Collected data entries:
..........
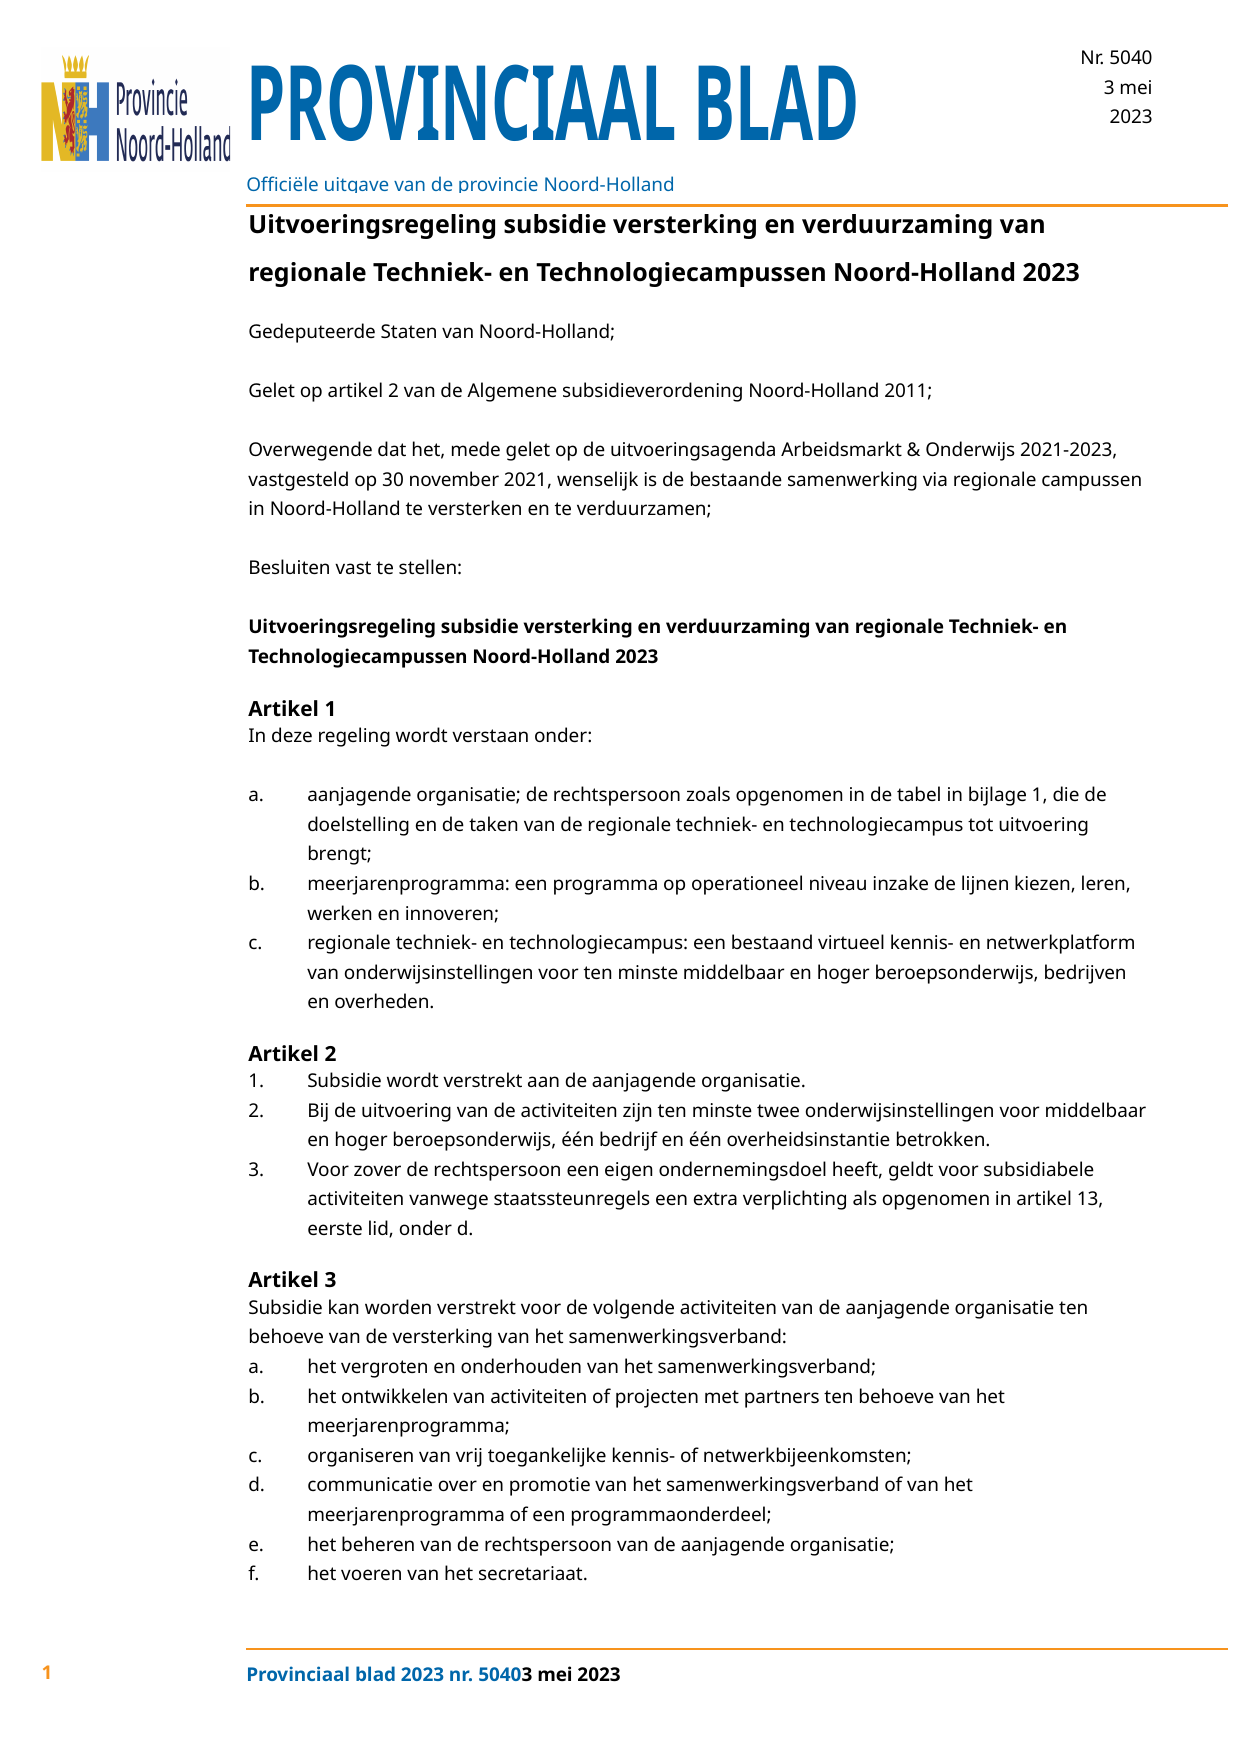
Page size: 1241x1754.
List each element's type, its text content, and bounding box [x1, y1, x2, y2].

list het vergroten en onderhouden van het samenwerkingsverband; [248, 1353, 1152, 1379]
text Artikel 3 [248, 1266, 1152, 1294]
picture [41, 47, 231, 172]
text In deze regeling wordt verstaan onder: [248, 722, 1152, 748]
text Uitvoeringsregeling subsidie versterking en verduurzaming van regionale Techniek- en Technologiecampussen Noord-Holland 2023 [248, 614, 1152, 669]
list aanjagende organisatie; de rechtspersoon zoals opgenomen in de tabel in bijlage 1, die de doelstelling en de taken van de regionale techniek- en technologiecampus tot uitvoering brengt; [248, 781, 1152, 866]
text Subsidie kan worden verstrekt voor de volgende activiteiten van de aanjagende organisatie ten behoeve van de versterking van het samenwerkingsverband: [248, 1294, 1152, 1349]
text Artikel 1 [248, 694, 1152, 722]
text Gedeputeerde Staten van Noord-Holland; [248, 318, 1152, 344]
text Artikel 2 [248, 1039, 1152, 1067]
list het voeren van het secretariaat. [248, 1560, 1152, 1586]
list Voor zover de rechtspersoon een eigen ondernemingsdoel heeft, geldt voor subsidiabele activiteiten vanwege staatssteunregels een extra verplichting als opgenomen in artikel 13, eerste lid, onder d. [248, 1156, 1152, 1241]
list communicatie over en promotie van het samenwerkingsverband of van het meerjarenprogramma of een programmaonderdeel; [248, 1472, 1152, 1527]
list Bij de uitvoering van de activiteiten zijn ten minste twee onderwijsinstellingen voor middelbaar en hoger beroepsonderwijs, één bedrijf en één overheidsinstantie betrokken. [248, 1097, 1152, 1152]
list het ontwikkelen van activiteiten of projecten met partners ten behoeve van het meerjarenprogramma; [248, 1383, 1152, 1438]
list regionale techniek- en technologiecampus: een bestaand virtueel kennis- en netwerkplatform van onderwijsinstellingen voor ten minste middelbaar en hoger beroepsonderwijs, bedrijven en overheden. [248, 929, 1152, 1014]
list organiseren van vrij toegankelijke kennis- of netwerkbijeenkomsten; [248, 1442, 1152, 1468]
list Subsidie wordt verstrekt aan de aanjagende organisatie. [248, 1067, 1152, 1093]
list het beheren van de rechtspersoon van de aanjagende organisatie; [248, 1531, 1152, 1556]
list meerjarenprogramma: een programma op operationeel niveau inzake de lijnen kiezen, leren, werken en innoveren; [248, 870, 1152, 925]
text Gelet op artikel 2 van de Algemene subsidieverordening Noord-Holland 2011; [248, 377, 1152, 403]
text Besluiten vast te stellen: [248, 554, 1152, 580]
text Overwegende dat het, mede gelet op de uitvoeringsagenda Arbeidsmarkt & Onderwijs 2021-2023, vastgesteld op 30 november 2021, wenselijk is de bestaande samenwerking via regionale campussen in Noord-Holland te versterken en te verduurzamen; [248, 436, 1152, 521]
text Uitvoeringsregeling subsidie versterking en verduurzaming van regionale Techniek- en Technologiecampussen Noord-Holland 2023 [248, 207, 1152, 288]
..........
**TASK DESCRIPTION:** Write out exactly the lines between the start of the data and the line with "614, 1152, 669]", including both, but none of the pictures.

**OUTPUT FOR THIS EXERCISE:**
Page size: 1241x1754.
List each element's type, its text content, and bounding box [x1, y1, x2, y2].

list het vergroten en onderhouden van het samenwerkingsverband; [248, 1353, 1152, 1379]
text Artikel 3 [248, 1266, 1152, 1294]
picture [41, 47, 231, 172]
text In deze regeling wordt verstaan onder: [248, 722, 1152, 748]
text Uitvoeringsregeling subsidie versterking en verduurzaming van regionale Techniek- en Technologiecampussen Noord-Holland 2023 [248, 614, 1152, 669]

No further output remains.